Give back exactly the lines from the start of the entries below to the line holding "Provide a succinct answer. Yes.", that line included, and leave every picture out.

## Working data

****************************************

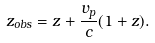Convert formula to latex. <formula><loc_0><loc_0><loc_500><loc_500>z _ { o b s } = z + \frac { v _ { p } } { c } ( 1 + z ) .</formula> 
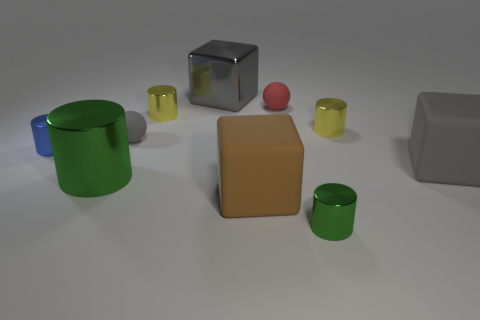Is there a tiny red object that has the same material as the gray ball?
Your response must be concise. Yes. Are there more green objects on the left side of the big gray rubber cube than brown rubber things that are to the right of the tiny red matte sphere?
Provide a succinct answer. Yes. Do the shiny block and the red matte sphere have the same size?
Provide a succinct answer. No. The cylinder that is behind the yellow cylinder right of the tiny green shiny thing is what color?
Your answer should be very brief. Yellow. The large cylinder has what color?
Your response must be concise. Green. Is there a small rubber thing that has the same color as the large metallic cylinder?
Your answer should be very brief. No. There is a tiny metal cylinder in front of the blue cylinder; does it have the same color as the large metallic block?
Provide a succinct answer. No. What number of objects are gray things that are to the right of the gray metallic object or gray matte balls?
Your response must be concise. 2. Are there any tiny yellow shiny objects in front of the large gray rubber cube?
Keep it short and to the point. No. What is the material of the other big cube that is the same color as the large metal cube?
Offer a terse response. Rubber. 
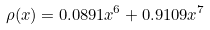Convert formula to latex. <formula><loc_0><loc_0><loc_500><loc_500>\rho ( x ) = 0 . 0 8 9 1 x ^ { 6 } + 0 . 9 1 0 9 x ^ { 7 }</formula> 
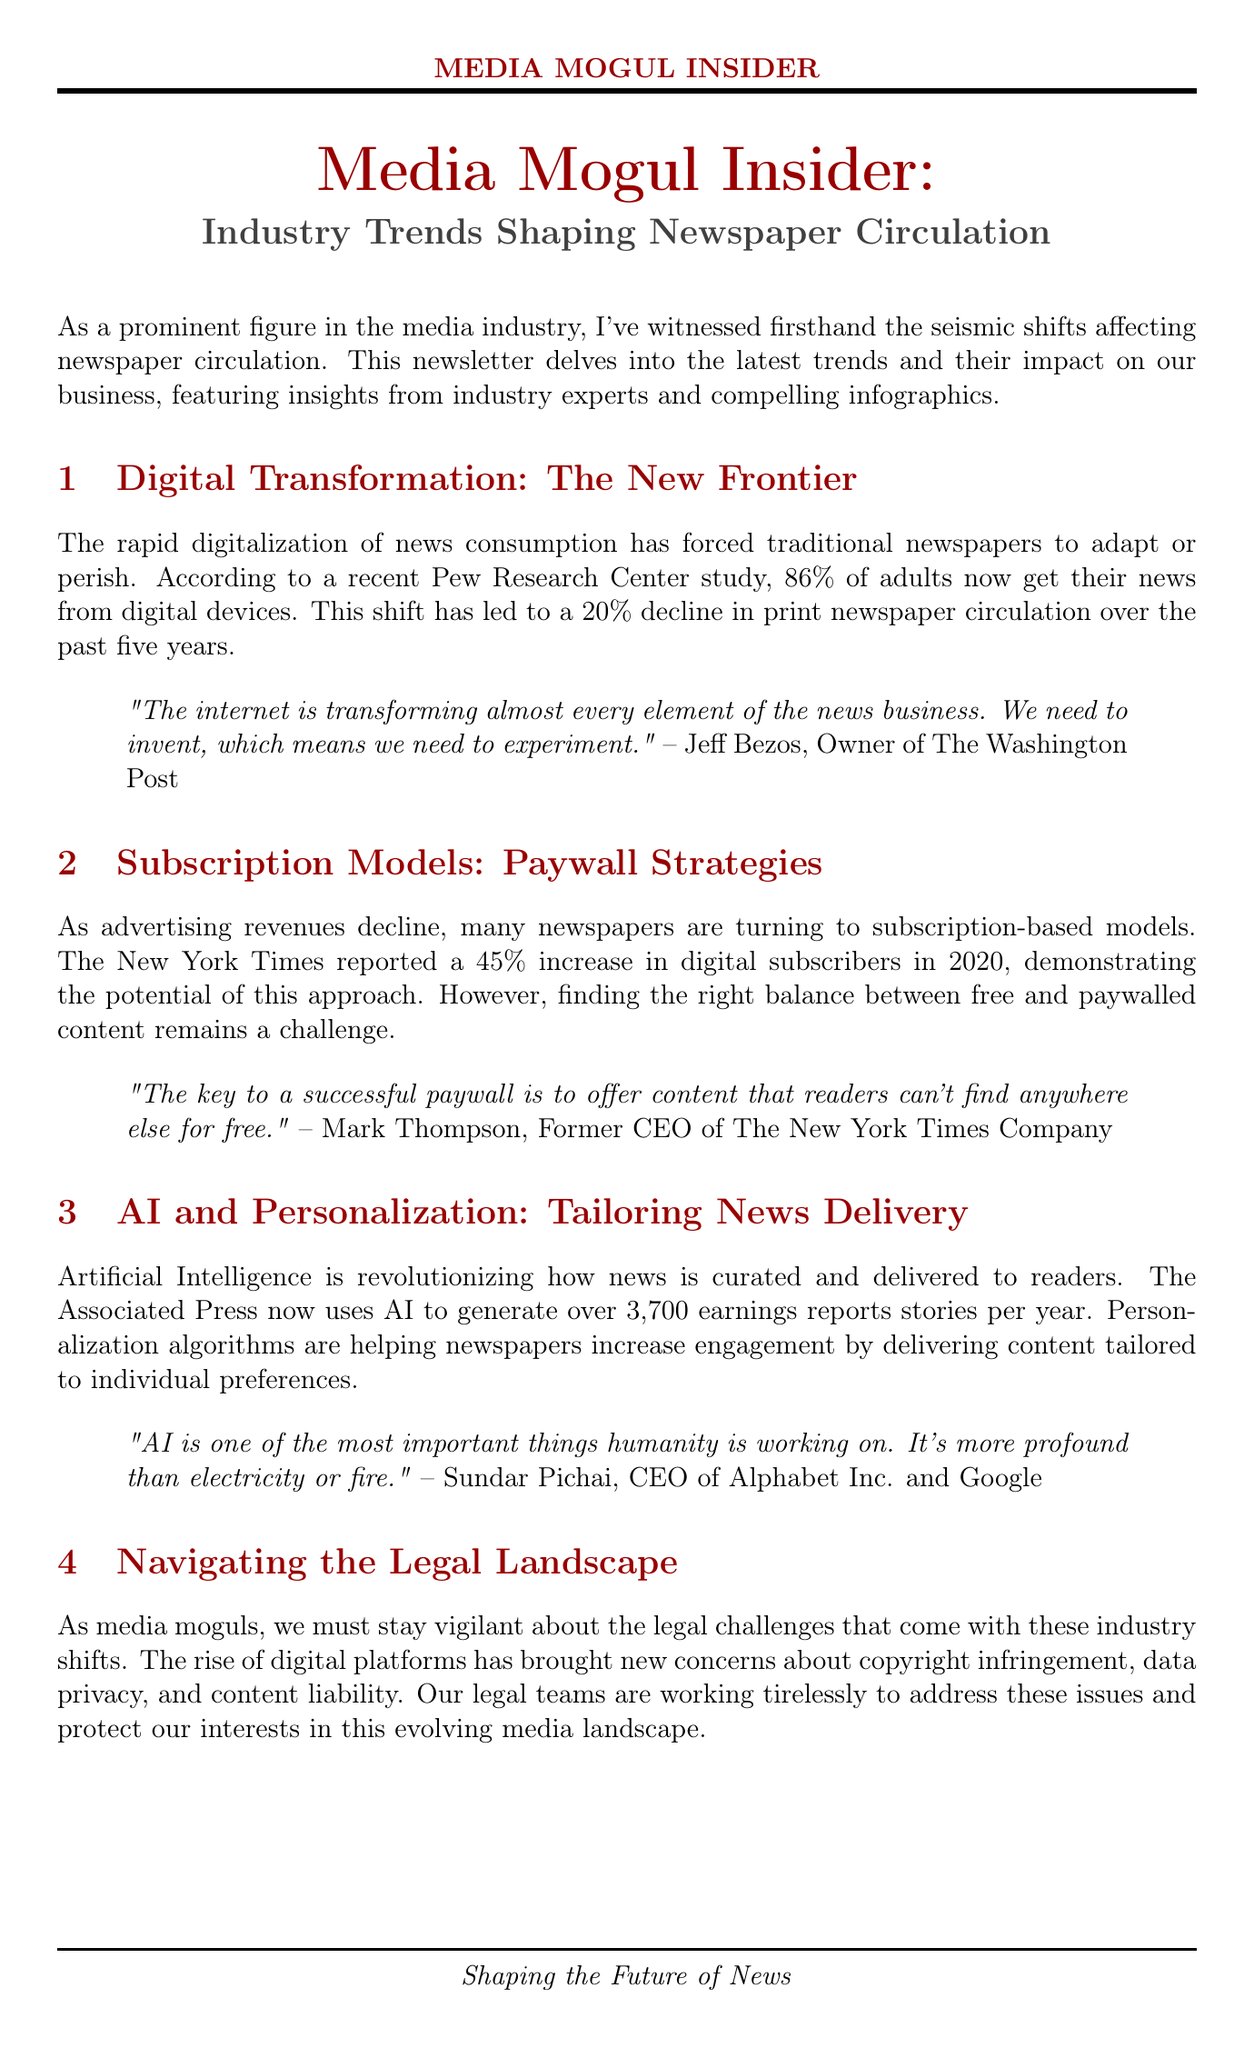what is the title of the newsletter? The title of the newsletter is provided at the beginning of the document, which encapsulates its main theme and focus.
Answer: Media Mogul Insider: Industry Trends Shaping Newspaper Circulation what percentage of adults get their news from digital devices? The document cites a specific statistic from a study, indicating the proportion of adults consuming news digitally.
Answer: 86% what was the decline percentage in print newspaper circulation over the past five years? This statistic is mentioned in the context of digital transformation's impact on traditional newspapers.
Answer: 20% who is the owner of The Washington Post? An expert quote within the document identifies the individual holding this position, which adds credibility to the insights shared.
Answer: Jeff Bezos what is the increase in digital subscribers for The New York Times in 2020? This specific figure is included to illustrate the effectiveness of subscription models in response to declining advertising revenues.
Answer: 45% what technology is revolutionizing news curation and delivery? The document elaborates on advancements affecting news delivery methods, leading to increasing engagement.
Answer: Artificial Intelligence what are the two key legal cases mentioned in the newsletter? The newsletter highlights critical legal cases relevant to the current media landscape and challenges faced by media moguls.
Answer: Google LLC v. Oracle America, Inc. and New York Times Co. v. Sullivan who stated that "AI is one of the most important things humanity is working on"? This quotation illustrates the importance of AI in the media industry, providing a notable opinion from a recognized authority.
Answer: Sundar Pichai what is emphasized as key to survival in the media industry? The conclusion of the newsletter summarizes the primary strategies for media businesses to thrive.
Answer: Adaptation and innovation

****************************************

## Your solution
Convert formula to latex. <formula><loc_0><loc_0><loc_500><loc_500>z _ { o b s } = z + \frac { v _ { p } } { c } ( 1 + z ) .</formula> 
Is there a tiny red object that has the same material as the gray ball?
Your response must be concise. Yes. Are there more green objects on the left side of the big gray rubber cube than brown rubber things that are to the right of the tiny red matte sphere?
Provide a succinct answer. Yes. Do the shiny block and the red matte sphere have the same size?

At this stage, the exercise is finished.